__YOUR GOAL__: A word-for-word copy of the listing, free of images, is the expected answer.

[DATA EXTRACT — start]

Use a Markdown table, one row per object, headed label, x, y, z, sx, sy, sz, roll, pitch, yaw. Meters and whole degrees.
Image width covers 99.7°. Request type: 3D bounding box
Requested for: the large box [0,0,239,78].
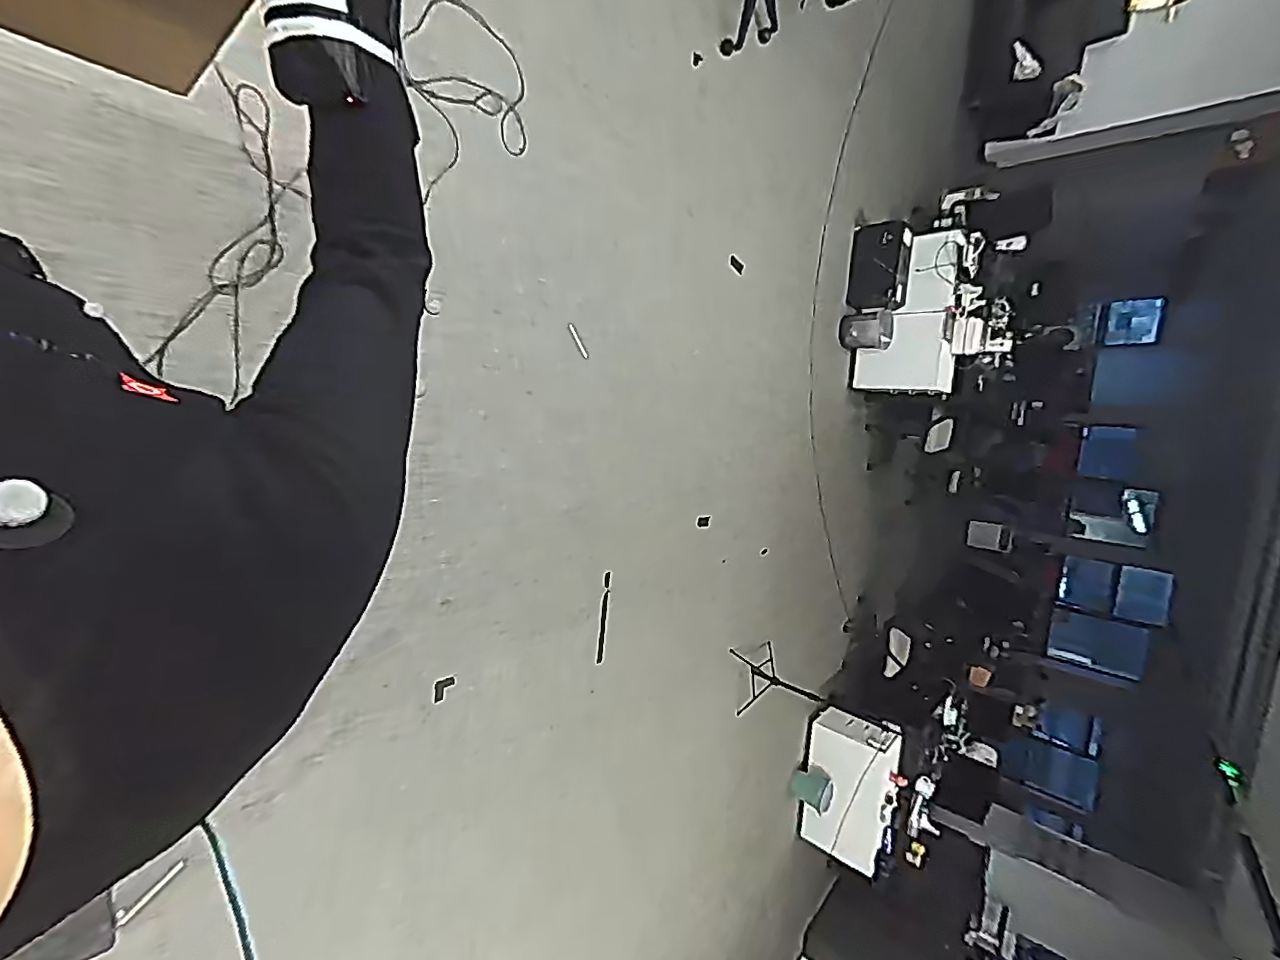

[DATA EXTRACT — finish]

__TASK RESULT__:
Use a Markdown table, one row per object, headed label, x, y, z, sx, sy, sz, roll, pitch, yaw. Meters and whole degrees.
Image width covers 99.7°. Request type: 3D bounding box
Requested for: the large box [0,0,239,78].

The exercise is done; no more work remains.